Enacted in 1988 during the height of the war on drugs, the Thurmond Amendment allows landlords and property sellers to deny housing solely on the basis of a drug distribution conviction — regardless of how long ago it occurred, the person’s current circumstances, or how much they’ve rebuilt their lives.
Imagine making a mistake as a teenager or young adult — getting caught up in drugs, serving your sentence, and spending years working hard to turn your life around.
Despite holding a steady job, maintaining good credit, and having a clean rental history, you still find yourself legally locked out of housing because of a decades-old conviction.
Some landlords won’t return your calls. Others reject your application outright, no questions asked.
That’s the reality for thousands of Pennsylvanians.
Take the case of Jonathon Jacobs, who was convicted of marijuana distribution when he was 19. For years, Jacobs faced rejection in the housing market or was forced to pay exorbitant security deposits because of his record.
His punishment didn’t end with his sentence — it extended into every aspect of his life, including his ability to provide stable housing for his family.
Ironically, had Jacobs been convicted of a violent crime, he would not be facing this same legal barrier.
In 2016, the Department of Housing and Urban Development (HUD) issued guidanceurging housing providers to consider criminal records in context — taking into account factors like rental, credit, and employment history.
But the Thurmond Amendment creates an explicit carveout: Anyone with a drug distribution conviction is excluded from these protections. It’s a loophole that leaves people like Jacobs permanently locked out of fair housing opportunities.
The law’s impact in Pennsylvania is staggering.
Since 1988, over 80,000 Pennsylvanians have been convicted of drug distribution offenses — many for small amounts. In fact, the most frequently charged amount is less than 1 gram, barely more than a sugar packet.
In 2022, the U.S. House voted to help roll back the war on drugs that as proportionately targeted people of color.
Had many of these cases occurred in today’s legal and political environment, they likely would have been charged as simple possession, and those convicted would have retained their housing rights.

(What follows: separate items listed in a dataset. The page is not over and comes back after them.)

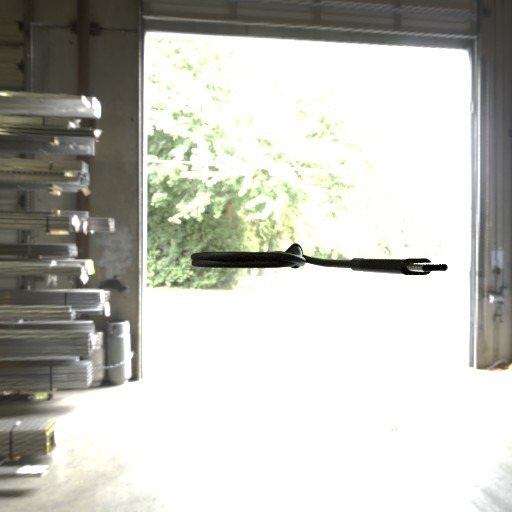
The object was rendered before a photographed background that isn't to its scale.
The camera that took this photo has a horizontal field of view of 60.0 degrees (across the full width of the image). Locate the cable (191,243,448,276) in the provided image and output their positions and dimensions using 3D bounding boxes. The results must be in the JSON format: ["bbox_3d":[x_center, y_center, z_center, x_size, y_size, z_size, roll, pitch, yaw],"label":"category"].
[{"bbox_3d":[0.000,0.000,0.235,0.070,0.014,0.203,0,0,-20],"label":"cable"}]
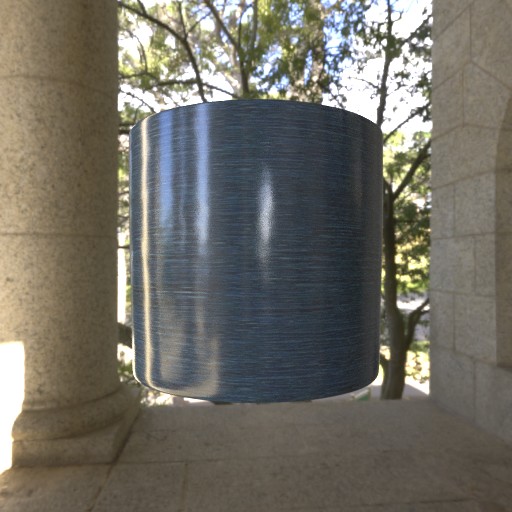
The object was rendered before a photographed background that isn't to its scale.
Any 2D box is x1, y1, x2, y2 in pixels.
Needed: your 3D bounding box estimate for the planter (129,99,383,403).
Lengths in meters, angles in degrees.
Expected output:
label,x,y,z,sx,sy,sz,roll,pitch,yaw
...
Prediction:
label,x,y,z,sx,sy,sz,roll,pitch,yaw
planter,0.000,0.000,0.399,0.221,0.201,0.221,0,-1,0

These aren’t major traffickers being excluded from housing; they’re mostly people punished for low-level mistakes, often made in their youth, that carry lifetime consequences.
Black Pennsylvanians are five times more likely than white residents to receive a distribution conviction.

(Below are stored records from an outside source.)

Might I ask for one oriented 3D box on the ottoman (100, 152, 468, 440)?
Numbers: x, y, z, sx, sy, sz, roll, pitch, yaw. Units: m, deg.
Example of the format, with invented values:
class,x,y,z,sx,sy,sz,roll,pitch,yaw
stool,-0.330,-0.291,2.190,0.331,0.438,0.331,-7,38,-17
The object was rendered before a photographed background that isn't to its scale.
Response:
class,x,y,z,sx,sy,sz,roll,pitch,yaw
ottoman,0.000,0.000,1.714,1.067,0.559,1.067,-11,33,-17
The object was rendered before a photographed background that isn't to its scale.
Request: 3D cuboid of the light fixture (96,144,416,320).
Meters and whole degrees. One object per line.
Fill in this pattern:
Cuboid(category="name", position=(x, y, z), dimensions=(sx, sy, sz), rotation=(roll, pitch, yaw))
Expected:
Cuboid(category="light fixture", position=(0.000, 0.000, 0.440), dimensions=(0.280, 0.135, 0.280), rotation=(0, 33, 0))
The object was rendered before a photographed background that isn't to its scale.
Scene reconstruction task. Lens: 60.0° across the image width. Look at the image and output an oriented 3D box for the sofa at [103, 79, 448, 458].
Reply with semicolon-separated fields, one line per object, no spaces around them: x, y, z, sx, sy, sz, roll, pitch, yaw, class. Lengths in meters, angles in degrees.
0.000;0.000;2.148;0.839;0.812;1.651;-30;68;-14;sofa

By denying housing based on old records, the Thurmond Amendment reinforces systemic racial disparities and perpetuates cycles of poverty, incarceration, and family instability — all without contributing to public safety.
Thankfully, there’s a path forward.
While federal efforts to repeal the Thurmond Amendment continue, as our governor is fond of saying, “We’re getting stuff done here in Pennsylvania.”

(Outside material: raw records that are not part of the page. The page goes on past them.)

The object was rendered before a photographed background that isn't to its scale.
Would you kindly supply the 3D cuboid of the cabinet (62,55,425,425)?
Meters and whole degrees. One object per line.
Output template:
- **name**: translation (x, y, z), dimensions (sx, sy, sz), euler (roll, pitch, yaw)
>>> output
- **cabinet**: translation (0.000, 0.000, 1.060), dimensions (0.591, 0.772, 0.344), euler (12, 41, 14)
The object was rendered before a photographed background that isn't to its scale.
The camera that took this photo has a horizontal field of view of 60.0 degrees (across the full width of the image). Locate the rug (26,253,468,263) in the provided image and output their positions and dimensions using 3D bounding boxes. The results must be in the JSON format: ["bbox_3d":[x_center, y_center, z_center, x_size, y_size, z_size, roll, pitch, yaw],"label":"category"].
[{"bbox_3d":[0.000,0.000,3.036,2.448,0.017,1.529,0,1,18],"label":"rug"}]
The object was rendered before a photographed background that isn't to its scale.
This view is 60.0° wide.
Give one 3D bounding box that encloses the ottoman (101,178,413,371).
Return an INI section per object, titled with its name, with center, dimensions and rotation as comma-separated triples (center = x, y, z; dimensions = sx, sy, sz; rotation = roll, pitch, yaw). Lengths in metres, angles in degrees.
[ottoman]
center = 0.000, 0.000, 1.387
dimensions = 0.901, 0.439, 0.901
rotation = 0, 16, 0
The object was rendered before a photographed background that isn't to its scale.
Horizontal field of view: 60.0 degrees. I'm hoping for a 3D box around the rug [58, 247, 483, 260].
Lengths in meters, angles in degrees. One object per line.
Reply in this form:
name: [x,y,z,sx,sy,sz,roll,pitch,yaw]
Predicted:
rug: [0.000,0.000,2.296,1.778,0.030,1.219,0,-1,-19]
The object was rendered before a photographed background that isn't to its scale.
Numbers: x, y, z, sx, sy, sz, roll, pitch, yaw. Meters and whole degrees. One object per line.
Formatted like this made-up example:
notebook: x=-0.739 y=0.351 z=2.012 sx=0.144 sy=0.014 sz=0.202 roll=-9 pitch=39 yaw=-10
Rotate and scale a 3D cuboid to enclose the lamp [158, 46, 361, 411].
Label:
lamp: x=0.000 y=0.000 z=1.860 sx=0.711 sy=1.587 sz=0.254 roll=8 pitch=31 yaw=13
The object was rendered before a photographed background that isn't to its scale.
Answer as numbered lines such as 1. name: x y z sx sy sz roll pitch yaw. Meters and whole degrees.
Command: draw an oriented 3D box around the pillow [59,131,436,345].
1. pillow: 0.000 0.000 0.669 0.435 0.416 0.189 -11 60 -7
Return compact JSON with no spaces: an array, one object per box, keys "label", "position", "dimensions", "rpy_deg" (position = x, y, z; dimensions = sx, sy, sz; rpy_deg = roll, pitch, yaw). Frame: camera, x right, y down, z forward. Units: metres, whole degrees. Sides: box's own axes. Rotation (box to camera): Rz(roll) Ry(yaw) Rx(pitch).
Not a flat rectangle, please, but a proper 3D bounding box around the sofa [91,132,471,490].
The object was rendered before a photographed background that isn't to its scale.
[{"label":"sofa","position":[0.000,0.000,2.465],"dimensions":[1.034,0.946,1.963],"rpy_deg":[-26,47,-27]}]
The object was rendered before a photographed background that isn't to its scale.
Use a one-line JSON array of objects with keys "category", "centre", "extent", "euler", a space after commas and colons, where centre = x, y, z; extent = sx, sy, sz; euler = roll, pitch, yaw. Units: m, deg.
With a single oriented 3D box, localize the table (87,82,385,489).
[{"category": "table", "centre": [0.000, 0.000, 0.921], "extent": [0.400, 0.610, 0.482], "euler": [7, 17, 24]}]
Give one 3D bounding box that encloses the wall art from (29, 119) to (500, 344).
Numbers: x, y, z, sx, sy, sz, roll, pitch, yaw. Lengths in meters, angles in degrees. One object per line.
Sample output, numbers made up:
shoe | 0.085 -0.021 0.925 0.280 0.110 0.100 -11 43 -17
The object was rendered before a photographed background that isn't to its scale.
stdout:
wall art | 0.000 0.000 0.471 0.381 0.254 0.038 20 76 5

State Rep. Josh Siegel has introduced legislation in Harrisburg to repeal the amendment’s effect at the state level, restoring fair housing protections to those with drug distribution convictions.
House Bill 1492 passed committee on Monday, Sept. 29 and is expected to come to the House floor in the coming weeks.
This is an opportunity for Pennsylvania to lead. It’s a chance to affirm that people should be judged not by their past, but by whom they are today.
Stable housing isn’t just a second chance; it’s the first step toward a better life. Let’s make it accessible to everyone.
Anjelica D. Sanders is a policy advisor and community reporter focused on public health and policy.Yusuf Dahl is CEO of The Century Promise and founder of the Real Estate Lab in Allentown, Pa.